◆ GOAL OF THE EXERCISE ◆
The listing below is to be duplicated exactly, with every picture omitted.

--- START ---

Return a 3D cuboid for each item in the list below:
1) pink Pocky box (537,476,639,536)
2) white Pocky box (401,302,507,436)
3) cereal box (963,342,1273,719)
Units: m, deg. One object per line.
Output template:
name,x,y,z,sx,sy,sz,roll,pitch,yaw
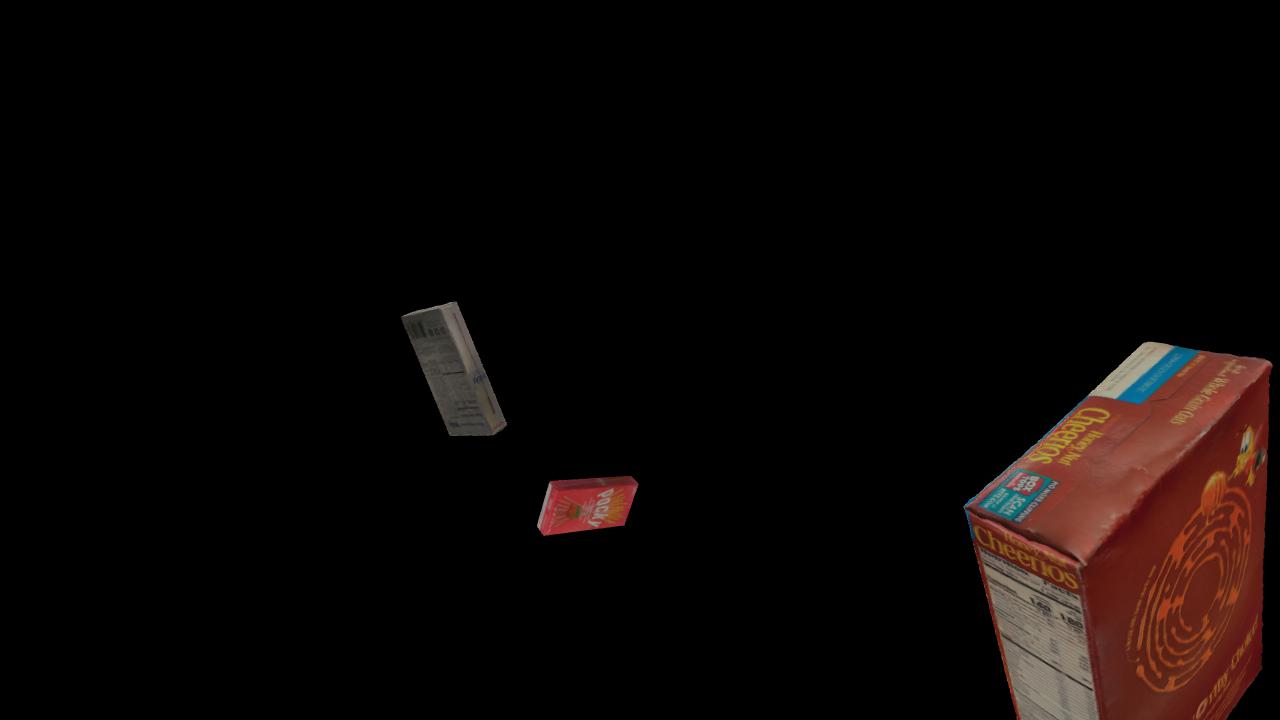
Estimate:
pink Pocky box,-0.080,0.229,0.972,0.155,0.084,0.029,4,22,-37
white Pocky box,-0.213,0.014,0.701,0.084,0.154,0.028,-6,20,38
cereal box,0.348,0.166,0.434,0.203,0.306,0.081,-34,25,-17

--- END ---

◆ ANSWER SPACE ◆
Return a 3D cuboid for each item in the list below:
1) pink Pocky box (537,476,639,536)
2) white Pocky box (401,302,507,436)
3) cereal box (963,342,1273,719)
Units: m, deg. One object per line.
Output template:
name,x,y,z,sx,sy,sz,roll,pitch,yaw
Estimate:
pink Pocky box,-0.080,0.229,0.972,0.155,0.084,0.029,4,22,-37
white Pocky box,-0.213,0.014,0.701,0.084,0.154,0.028,-6,20,38
cereal box,0.348,0.166,0.434,0.203,0.306,0.081,-34,25,-17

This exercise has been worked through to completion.